→ The data:
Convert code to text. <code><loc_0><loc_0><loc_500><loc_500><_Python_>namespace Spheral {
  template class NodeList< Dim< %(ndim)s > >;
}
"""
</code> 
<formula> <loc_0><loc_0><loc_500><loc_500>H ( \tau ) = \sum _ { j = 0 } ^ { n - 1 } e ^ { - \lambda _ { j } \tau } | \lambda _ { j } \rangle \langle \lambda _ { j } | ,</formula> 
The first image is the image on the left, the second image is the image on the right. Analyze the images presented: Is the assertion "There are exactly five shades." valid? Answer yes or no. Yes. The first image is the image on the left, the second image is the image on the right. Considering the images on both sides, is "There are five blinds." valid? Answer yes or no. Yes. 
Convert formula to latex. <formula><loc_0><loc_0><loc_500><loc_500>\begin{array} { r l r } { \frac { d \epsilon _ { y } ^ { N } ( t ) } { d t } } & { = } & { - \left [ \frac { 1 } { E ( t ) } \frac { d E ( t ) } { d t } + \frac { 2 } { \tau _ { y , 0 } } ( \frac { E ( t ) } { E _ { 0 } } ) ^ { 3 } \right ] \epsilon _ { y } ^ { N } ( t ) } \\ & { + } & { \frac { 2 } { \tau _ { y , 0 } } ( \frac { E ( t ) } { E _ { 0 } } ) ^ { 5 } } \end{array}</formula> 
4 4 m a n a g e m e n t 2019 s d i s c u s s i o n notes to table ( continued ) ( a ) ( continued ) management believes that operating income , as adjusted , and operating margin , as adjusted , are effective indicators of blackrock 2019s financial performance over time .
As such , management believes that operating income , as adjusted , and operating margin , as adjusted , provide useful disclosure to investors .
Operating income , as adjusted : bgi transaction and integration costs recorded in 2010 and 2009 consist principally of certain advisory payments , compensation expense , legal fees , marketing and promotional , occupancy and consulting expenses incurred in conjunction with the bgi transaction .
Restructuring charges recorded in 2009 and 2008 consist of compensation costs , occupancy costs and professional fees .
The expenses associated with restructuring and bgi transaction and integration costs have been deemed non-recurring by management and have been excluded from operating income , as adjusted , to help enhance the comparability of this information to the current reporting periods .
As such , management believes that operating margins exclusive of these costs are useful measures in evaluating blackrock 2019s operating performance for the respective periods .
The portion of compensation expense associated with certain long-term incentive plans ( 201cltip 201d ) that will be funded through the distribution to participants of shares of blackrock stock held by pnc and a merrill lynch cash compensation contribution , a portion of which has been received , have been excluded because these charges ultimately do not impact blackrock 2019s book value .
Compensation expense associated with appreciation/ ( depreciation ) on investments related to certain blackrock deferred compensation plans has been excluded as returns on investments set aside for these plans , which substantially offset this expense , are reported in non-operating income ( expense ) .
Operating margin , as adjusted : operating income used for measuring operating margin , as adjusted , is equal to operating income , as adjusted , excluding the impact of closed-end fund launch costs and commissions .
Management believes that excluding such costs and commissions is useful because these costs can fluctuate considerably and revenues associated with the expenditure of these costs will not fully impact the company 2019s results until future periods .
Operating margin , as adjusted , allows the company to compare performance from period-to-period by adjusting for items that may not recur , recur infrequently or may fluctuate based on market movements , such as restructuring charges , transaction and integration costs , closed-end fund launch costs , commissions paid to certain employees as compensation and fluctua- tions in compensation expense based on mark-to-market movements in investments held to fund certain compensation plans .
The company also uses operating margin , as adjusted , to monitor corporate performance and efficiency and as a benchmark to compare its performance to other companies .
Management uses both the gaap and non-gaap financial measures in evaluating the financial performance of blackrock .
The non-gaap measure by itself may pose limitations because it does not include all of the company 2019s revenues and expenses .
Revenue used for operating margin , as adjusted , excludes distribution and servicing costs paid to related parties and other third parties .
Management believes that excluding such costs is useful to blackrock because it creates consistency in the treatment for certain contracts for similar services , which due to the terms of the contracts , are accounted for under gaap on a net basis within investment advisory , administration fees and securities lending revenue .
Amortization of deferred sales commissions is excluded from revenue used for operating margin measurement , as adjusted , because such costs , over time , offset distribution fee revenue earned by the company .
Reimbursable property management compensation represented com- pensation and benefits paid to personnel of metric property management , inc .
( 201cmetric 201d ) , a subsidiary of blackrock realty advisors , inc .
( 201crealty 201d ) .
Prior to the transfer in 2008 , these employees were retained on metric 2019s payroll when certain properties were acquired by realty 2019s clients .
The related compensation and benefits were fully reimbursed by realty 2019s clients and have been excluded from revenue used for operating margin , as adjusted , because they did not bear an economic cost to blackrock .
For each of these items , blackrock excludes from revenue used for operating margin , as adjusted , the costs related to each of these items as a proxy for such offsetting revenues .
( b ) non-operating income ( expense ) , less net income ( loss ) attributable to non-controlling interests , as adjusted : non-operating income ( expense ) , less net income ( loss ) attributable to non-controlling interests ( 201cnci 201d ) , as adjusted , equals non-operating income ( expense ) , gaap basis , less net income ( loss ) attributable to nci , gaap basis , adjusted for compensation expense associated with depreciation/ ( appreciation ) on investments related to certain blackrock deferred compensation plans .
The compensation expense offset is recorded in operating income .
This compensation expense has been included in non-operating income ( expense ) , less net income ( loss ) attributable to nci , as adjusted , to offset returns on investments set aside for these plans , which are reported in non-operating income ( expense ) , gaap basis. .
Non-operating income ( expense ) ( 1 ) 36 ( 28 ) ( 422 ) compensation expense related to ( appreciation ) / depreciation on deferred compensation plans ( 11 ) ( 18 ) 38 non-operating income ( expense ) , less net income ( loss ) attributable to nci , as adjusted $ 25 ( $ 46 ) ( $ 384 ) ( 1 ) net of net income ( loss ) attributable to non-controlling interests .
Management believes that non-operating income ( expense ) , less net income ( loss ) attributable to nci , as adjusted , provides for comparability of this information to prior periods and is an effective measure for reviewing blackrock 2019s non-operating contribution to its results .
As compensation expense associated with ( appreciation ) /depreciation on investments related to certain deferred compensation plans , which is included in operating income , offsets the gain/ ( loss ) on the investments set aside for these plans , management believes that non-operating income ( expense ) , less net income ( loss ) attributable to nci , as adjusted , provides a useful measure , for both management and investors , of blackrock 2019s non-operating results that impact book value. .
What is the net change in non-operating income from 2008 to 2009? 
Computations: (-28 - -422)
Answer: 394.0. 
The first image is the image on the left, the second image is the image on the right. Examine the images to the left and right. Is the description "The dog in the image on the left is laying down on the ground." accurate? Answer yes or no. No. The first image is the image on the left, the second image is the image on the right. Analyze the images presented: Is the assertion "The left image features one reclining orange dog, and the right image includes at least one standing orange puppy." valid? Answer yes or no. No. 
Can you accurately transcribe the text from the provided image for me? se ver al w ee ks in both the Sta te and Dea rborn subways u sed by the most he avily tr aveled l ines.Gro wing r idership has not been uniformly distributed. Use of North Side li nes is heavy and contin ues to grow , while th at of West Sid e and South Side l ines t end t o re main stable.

→ Assigned task:
From the listing, please work out how many lines contain "value". Give the number only.

→ Finished exercise:
2